_WHAT NEEDS TO BE DONE_: Filter out every line below that lacks "none", and copy the rest.
*** INPUT RECORDS ***
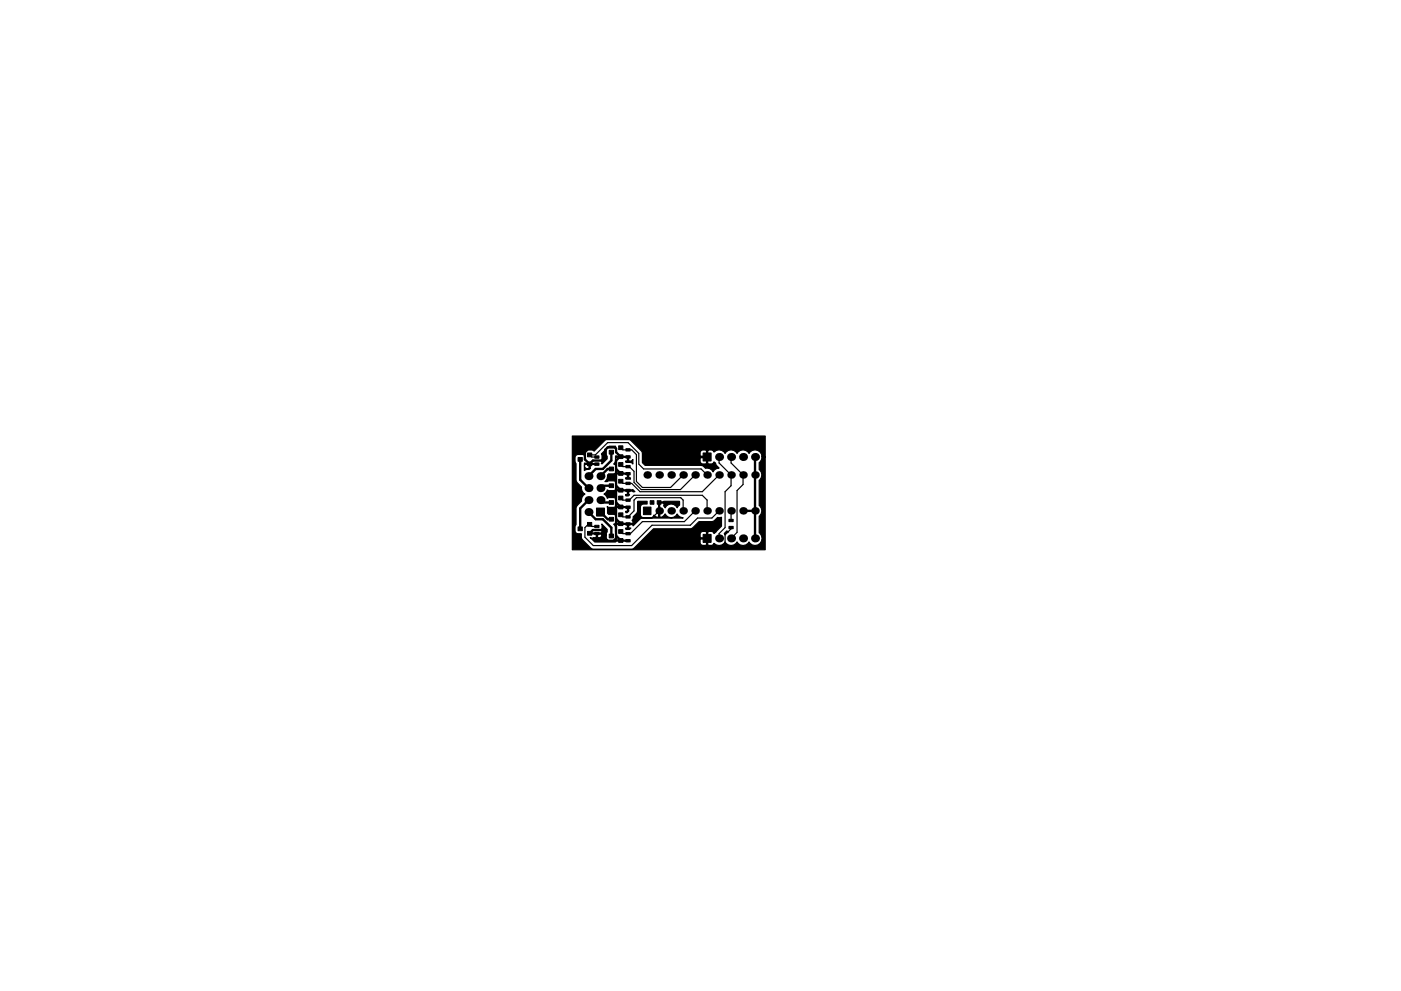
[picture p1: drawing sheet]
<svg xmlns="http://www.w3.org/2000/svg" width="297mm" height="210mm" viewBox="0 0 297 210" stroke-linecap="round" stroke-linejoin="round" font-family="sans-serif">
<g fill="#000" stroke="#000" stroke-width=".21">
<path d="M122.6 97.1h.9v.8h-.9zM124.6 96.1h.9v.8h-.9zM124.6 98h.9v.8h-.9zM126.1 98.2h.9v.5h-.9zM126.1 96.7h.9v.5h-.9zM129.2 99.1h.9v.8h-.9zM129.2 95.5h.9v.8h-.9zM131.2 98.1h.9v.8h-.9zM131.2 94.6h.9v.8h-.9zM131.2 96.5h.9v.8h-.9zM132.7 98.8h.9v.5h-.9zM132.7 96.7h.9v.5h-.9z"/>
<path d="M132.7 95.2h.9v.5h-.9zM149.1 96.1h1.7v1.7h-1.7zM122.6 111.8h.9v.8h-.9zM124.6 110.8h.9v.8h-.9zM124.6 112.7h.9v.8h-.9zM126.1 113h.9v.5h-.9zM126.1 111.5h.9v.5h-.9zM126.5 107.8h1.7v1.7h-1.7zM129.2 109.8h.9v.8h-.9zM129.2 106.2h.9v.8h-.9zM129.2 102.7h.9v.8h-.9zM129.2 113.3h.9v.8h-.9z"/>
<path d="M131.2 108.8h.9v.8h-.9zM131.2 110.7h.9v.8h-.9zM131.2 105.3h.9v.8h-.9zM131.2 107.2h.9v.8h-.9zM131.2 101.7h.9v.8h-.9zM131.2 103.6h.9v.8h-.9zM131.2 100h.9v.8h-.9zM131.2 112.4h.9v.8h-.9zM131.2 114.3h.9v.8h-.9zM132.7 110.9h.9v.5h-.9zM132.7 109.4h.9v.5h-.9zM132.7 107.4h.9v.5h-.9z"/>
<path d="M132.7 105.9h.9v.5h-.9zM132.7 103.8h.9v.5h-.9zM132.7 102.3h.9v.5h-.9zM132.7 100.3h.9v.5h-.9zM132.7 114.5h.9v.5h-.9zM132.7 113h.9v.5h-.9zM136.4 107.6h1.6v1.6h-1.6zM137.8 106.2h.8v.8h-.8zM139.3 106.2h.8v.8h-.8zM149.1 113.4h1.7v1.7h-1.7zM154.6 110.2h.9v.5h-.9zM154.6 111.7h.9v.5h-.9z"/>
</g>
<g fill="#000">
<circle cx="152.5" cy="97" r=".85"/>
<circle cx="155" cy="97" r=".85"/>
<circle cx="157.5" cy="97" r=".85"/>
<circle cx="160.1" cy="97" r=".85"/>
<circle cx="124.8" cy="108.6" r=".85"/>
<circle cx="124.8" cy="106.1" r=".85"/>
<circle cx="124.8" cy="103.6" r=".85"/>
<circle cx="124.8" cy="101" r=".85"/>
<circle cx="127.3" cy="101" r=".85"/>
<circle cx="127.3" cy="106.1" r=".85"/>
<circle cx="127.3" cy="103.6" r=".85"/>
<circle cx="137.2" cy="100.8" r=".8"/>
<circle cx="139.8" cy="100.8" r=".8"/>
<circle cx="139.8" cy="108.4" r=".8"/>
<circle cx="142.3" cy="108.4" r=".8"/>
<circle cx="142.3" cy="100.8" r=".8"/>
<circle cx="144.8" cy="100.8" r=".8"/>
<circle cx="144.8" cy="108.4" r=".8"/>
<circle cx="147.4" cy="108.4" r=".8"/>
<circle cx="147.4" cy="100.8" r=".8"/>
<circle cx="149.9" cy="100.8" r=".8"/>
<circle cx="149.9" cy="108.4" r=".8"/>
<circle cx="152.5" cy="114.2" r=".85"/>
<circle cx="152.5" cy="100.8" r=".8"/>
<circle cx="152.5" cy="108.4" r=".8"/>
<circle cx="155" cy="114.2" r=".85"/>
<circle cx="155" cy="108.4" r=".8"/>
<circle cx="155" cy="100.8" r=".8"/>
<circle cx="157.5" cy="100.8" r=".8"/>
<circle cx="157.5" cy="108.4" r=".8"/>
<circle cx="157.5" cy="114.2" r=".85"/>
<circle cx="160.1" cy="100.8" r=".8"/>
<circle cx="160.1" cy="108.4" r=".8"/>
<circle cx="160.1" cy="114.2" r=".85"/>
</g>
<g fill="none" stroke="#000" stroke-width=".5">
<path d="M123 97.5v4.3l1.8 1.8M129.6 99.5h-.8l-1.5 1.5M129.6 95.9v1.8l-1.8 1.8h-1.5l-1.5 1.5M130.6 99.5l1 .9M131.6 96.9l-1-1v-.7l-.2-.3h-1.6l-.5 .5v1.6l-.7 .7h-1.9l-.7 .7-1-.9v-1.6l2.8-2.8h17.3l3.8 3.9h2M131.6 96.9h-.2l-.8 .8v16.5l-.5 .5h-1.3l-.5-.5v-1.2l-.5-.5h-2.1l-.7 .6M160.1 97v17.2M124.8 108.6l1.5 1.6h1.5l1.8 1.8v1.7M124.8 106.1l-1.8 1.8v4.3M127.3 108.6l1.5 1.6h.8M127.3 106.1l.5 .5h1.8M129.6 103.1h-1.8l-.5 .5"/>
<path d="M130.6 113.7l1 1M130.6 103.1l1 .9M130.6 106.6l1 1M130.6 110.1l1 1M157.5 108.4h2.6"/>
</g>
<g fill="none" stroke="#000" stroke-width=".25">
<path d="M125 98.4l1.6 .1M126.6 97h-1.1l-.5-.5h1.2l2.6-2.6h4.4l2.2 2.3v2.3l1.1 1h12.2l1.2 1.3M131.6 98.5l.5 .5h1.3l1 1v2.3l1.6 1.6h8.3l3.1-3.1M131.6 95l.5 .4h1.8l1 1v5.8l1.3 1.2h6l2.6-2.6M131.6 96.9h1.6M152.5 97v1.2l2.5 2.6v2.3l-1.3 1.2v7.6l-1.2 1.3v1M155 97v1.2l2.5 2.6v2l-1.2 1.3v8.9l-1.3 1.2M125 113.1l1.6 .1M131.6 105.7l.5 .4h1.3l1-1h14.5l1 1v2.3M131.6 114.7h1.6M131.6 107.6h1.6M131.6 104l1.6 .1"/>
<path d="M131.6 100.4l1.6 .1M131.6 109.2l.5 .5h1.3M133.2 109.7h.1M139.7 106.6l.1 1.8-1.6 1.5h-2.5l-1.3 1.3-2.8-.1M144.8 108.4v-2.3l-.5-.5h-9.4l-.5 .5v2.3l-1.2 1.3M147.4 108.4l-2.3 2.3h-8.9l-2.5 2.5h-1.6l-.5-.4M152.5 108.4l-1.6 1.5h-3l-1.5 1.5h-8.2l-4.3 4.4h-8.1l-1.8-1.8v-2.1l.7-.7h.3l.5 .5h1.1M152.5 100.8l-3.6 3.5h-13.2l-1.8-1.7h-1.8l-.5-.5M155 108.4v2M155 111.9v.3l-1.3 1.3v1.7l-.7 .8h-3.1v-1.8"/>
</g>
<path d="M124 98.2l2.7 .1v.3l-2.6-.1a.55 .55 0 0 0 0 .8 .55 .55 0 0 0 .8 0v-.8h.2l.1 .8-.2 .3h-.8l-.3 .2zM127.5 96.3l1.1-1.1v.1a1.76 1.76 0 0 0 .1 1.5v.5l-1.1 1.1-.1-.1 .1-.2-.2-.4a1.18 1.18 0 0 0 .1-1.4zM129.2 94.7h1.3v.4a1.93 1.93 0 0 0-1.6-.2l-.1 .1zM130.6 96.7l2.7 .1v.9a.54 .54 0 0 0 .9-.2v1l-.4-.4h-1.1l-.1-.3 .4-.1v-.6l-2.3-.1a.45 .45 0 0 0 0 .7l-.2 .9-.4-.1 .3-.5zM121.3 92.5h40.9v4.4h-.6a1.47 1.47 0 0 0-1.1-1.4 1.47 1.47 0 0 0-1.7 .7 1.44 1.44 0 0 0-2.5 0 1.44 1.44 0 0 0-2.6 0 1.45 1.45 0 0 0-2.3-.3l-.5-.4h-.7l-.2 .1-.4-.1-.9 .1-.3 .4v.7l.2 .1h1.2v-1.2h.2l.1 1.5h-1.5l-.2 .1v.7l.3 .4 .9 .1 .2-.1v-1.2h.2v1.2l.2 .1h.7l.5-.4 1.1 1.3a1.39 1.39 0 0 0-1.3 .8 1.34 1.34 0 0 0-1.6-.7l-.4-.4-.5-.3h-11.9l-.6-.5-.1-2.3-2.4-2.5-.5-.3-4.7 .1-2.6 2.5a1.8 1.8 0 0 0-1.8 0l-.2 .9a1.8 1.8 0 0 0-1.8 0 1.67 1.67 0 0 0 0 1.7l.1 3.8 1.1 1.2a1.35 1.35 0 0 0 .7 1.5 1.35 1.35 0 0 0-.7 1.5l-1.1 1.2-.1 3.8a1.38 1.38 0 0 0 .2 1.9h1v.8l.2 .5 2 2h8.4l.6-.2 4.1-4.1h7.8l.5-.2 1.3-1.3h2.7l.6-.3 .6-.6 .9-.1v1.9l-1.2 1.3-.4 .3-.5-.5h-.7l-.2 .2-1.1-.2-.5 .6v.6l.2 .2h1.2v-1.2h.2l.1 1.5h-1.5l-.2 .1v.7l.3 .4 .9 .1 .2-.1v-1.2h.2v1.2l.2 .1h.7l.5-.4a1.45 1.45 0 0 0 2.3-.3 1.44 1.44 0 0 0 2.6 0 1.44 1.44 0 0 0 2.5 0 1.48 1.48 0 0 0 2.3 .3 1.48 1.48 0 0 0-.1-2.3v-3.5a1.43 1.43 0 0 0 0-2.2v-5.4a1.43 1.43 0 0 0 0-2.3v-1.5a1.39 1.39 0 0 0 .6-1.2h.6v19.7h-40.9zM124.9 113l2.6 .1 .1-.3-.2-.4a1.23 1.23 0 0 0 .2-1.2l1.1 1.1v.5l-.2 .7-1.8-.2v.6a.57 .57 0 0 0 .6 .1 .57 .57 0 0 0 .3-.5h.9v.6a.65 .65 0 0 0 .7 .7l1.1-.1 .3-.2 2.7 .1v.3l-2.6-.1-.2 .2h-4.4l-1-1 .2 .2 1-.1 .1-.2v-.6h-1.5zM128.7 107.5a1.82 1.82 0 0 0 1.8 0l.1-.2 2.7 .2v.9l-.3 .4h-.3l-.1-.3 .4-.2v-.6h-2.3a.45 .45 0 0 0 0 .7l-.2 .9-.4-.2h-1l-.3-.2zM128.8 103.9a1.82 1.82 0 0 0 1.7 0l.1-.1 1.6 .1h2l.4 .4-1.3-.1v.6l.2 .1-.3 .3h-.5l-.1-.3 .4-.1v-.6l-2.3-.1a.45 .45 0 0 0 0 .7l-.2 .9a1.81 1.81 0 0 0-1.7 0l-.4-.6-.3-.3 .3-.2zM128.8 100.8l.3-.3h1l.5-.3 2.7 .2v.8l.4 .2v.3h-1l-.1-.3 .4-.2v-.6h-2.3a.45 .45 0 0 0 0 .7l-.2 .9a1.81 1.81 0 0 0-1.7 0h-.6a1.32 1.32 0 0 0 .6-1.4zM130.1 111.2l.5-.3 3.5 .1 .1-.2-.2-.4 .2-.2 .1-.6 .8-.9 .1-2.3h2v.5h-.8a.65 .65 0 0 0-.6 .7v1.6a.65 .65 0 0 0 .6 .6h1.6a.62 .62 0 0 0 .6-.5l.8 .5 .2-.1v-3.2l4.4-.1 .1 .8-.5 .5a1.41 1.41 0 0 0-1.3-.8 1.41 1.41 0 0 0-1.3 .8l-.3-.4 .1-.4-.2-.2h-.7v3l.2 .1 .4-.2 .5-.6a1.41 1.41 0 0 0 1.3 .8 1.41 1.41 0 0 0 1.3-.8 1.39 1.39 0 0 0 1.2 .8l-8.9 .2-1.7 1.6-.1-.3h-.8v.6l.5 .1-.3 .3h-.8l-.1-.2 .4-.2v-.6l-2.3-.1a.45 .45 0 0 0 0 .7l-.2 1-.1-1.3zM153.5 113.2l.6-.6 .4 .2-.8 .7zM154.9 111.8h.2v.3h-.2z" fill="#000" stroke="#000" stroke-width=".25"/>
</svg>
***
_THE ANSWER_:
<g fill="none" stroke="#000" stroke-width=".5">
<g fill="none" stroke="#000" stroke-width=".25">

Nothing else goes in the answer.